Her forehead puckers in thought. “This is just my observation. Barbara is the one that knew the guy. But, yeah, he seemed, like, driven or something. This was a good-looking guy, not the type we usually run across. You know, older guys. Him and his crowd, they spent money like, wow. Sure, a lot of men pay for table dances, but they’d have, like, two or three girls at a time. More, even.” She looks nervously around her, over at the bar, where the manager is watching. He knows what this conversation concerns, and doesn’t want the other dancers or customers to get interested in the couple at the table. There are certain customers to whom the presence of a writer would mean an early exit. “I told you, didn’t I, that until all that stuff was in the papers we didn’t know who he was,” she says.
“You mean, he didn’t give the right name?” the interviewer says.
“No, he gave his name, Bill. It’s just that, well, he told everyone around here he was part of the department store family. You know, Dillard’s? It wasn’t until, that trial, I guess, that any of us knew differently.”
The interviewer already knows this from information he’s gotten in court records.

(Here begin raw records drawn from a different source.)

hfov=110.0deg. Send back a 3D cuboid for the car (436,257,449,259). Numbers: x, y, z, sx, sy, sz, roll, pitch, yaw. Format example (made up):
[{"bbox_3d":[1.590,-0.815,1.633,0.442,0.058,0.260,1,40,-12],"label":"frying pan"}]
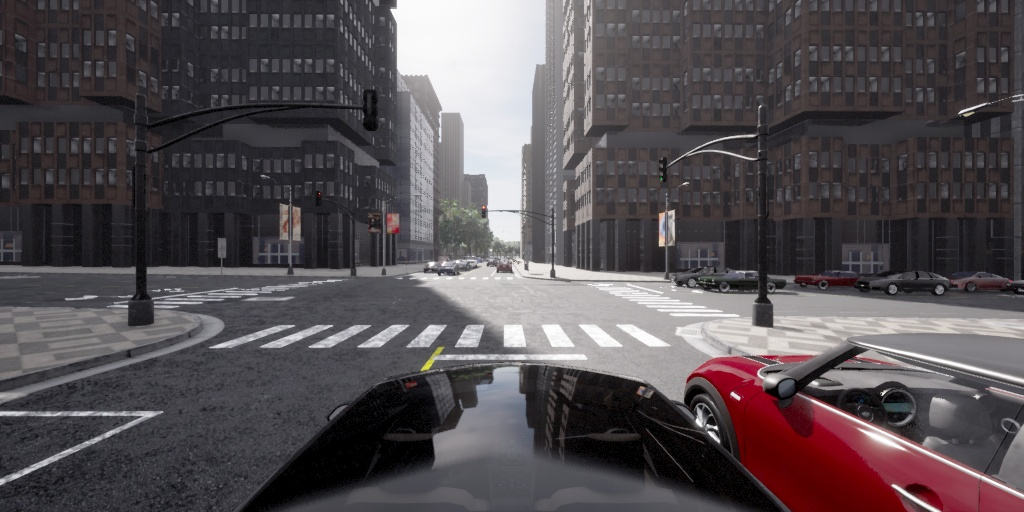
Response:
[{"bbox_3d":[-9.506,1.082,48.838,2.192,1.841,5.009,0,0,-1],"label":"car"}]

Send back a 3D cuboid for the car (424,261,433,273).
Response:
[{"bbox_3d":[-9.431,1.321,43.412,1.948,1.339,4.313,0,0,-1],"label":"car"}]

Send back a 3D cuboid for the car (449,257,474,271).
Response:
[{"bbox_3d":[-6.834,1.258,48.587,2.128,1.511,4.902,0,0,-1],"label":"car"}]

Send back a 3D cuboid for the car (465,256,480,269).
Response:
[{"bbox_3d":[-6.965,1.012,59.219,2.150,2.045,5.566,0,0,0],"label":"car"}]

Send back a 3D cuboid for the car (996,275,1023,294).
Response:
[{"bbox_3d":[34.740,1.825,22.599,5.357,1.411,2.033,1,0,-1],"label":"car"}]

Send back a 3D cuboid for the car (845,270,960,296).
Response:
[{"bbox_3d":[24.359,1.631,22.472,4.892,1.490,1.837,1,0,-1],"label":"car"}]

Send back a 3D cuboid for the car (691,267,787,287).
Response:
[{"bbox_3d":[14.159,1.579,22.340,4.718,1.301,1.895,1,0,-3],"label":"car"}]

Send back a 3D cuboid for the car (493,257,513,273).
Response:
[{"bbox_3d":[-0.907,1.195,43.526,1.967,1.591,4.097,0,0,-1],"label":"car"}]

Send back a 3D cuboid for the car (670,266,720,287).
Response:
[{"bbox_3d":[13.853,1.475,25.586,4.892,1.490,1.837,1,0,-1],"label":"car"}]

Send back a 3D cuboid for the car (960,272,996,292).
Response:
[{"bbox_3d":[33.038,1.813,25.824,4.181,1.385,1.994,1,0,-1],"label":"car"}]

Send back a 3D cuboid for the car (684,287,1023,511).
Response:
[{"bbox_3d":[2.761,1.190,2.160,1.967,1.591,4.097,0,0,0],"label":"car"}]

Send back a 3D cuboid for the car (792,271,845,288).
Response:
[{"bbox_3d":[23.072,1.704,25.690,4.718,1.301,1.895,1,0,-1],"label":"car"}]

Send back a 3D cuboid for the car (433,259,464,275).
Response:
[{"bbox_3d":[-6.686,1.292,38.321,2.033,1.411,5.357,0,0,-1],"label":"car"}]
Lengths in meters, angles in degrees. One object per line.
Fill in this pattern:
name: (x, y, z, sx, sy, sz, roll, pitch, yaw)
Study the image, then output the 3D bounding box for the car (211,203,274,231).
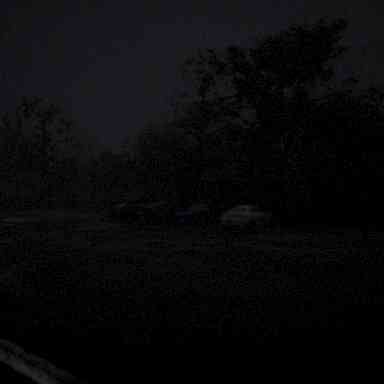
car: (3.388, 1.486, 20.130, 2.002, 1.452, 4.674, 0, 0, 36)

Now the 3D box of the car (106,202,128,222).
car: (-4.499, 1.476, 25.773, 2.002, 1.452, 4.674, 0, 0, 36)

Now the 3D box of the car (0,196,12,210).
car: (-24.269, 1.285, 39.964, 2.185, 1.767, 4.553, 0, 0, 35)

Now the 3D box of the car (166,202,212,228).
car: (0.832, 1.442, 21.969, 2.097, 1.535, 5.008, 0, 0, 36)

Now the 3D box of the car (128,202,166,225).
car: (-1.836, 1.440, 23.865, 2.231, 1.521, 4.892, 0, 0, 36)
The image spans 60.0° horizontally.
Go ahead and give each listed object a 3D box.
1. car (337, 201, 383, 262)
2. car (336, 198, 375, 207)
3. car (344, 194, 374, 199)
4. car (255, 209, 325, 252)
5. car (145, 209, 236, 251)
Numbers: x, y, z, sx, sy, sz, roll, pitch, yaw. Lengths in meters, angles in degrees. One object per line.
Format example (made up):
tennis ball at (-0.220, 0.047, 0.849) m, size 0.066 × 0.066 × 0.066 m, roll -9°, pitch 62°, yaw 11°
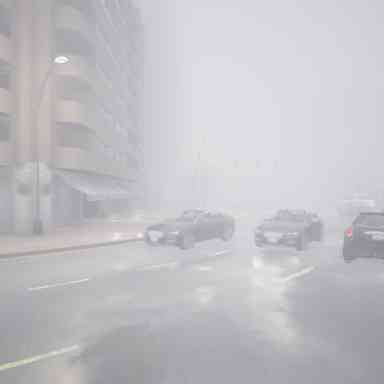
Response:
car at (6.738, 1.352, 11.388) m, size 2.097 × 1.767 × 4.553 m, roll 0°, pitch 0°, yaw 38°
car at (13.965, 1.525, 28.369) m, size 1.812 × 1.442 × 4.674 m, roll 0°, pitch 0°, yaw 10°
car at (18.427, 1.221, 37.583) m, size 2.150 × 2.045 × 5.566 m, roll 0°, pitch 0°, yaw -1°
car at (4.302, 1.491, 14.191) m, size 2.128 × 1.511 × 4.902 m, roll 0°, pitch 0°, yaw 34°
car at (0.088, 1.491, 14.317) m, size 2.128 × 1.511 × 4.902 m, roll 0°, pitch 0°, yaw 38°
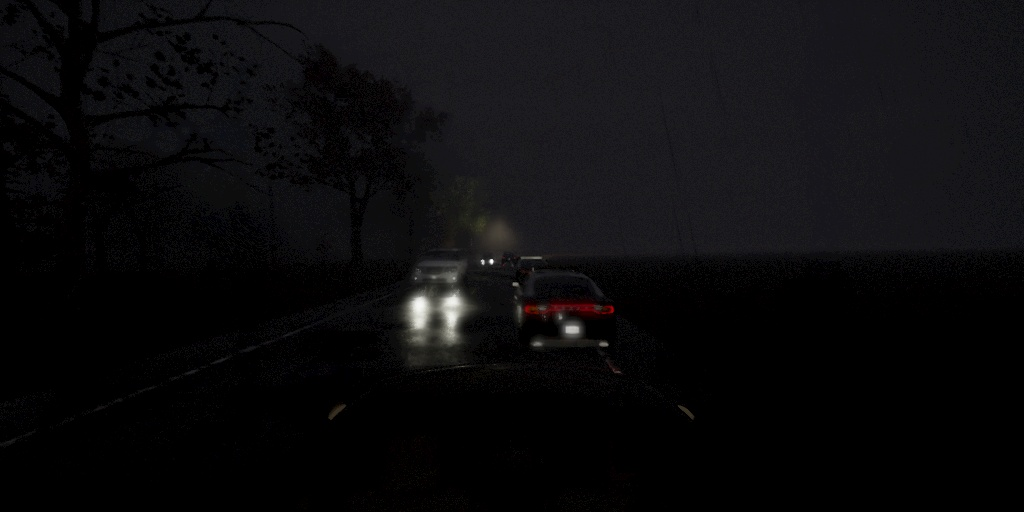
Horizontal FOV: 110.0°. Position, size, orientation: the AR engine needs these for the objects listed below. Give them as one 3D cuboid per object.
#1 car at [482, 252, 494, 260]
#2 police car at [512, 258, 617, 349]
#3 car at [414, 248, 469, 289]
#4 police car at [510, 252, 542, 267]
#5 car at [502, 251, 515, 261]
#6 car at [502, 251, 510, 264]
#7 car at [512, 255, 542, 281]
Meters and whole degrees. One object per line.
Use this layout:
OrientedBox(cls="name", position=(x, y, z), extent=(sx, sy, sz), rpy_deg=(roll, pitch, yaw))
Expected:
OrientedBox(cls="car", position=(-4.208, 0.038, 62.378), extent=(1.895, 1.301, 4.718), rpy_deg=(0, 1, -1))
OrientedBox(cls="police car", position=(1.039, 1.017, 8.796), extent=(1.930, 1.638, 5.238), rpy_deg=(0, 1, 0))
OrientedBox(cls="car", position=(-3.664, 0.577, 19.530), extent=(2.150, 2.045, 5.566), rpy_deg=(0, 1, 0))
OrientedBox(cls="police car", position=(0.991, 0.797, 18.803), extent=(1.930, 1.638, 5.238), rpy_deg=(0, 1, 0))
OrientedBox(cls="car", position=(-0.590, -0.003, 59.114), extent=(2.128, 1.511, 4.902), rpy_deg=(0, 1, -1))
OrientedBox(cls="car", position=(-0.356, 0.324, 47.148), extent=(1.994, 1.385, 4.181), rpy_deg=(0, 1, 0))
OrientedBox(cls="car", position=(0.947, 0.748, 24.700), extent=(1.837, 1.490, 4.892), rpy_deg=(0, 1, 0))
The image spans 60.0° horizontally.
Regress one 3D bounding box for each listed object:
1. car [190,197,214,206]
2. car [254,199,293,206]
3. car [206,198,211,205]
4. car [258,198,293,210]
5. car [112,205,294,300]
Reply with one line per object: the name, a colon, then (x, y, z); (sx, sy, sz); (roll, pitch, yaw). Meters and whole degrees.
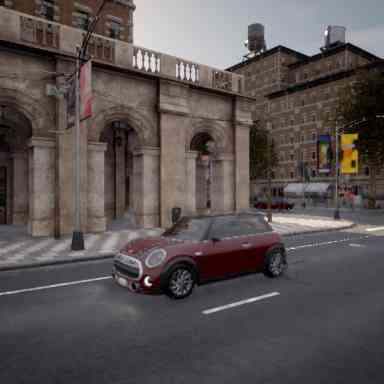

It’s interesting, but not important, that some customers in topless clubs want their true identity kept secret. It’s the same thing in reverse, the identical reasoning, that causes this girl to be Crystal at this club and Dawn at another. “And it was Barbara,” the interviewer says, “that was his main girl.”
“You have to understand,” she says, “that nobody in here was anybody’s real girl. Barbara had her own boyfriend. But in the club she was his favorite. He bought her drugs.”
“Cocaine?”
“Yeah, mainly. Takes a lot of money for some of these girls. He went to her place some.”
“Her apartment.”
“Yeah. A few times I think he paid the rent, but I’m not sure about that. I know about the drugs, though. A couple of times she gave me, you know, a couple of twenty-five-dollar papers. They came from him.”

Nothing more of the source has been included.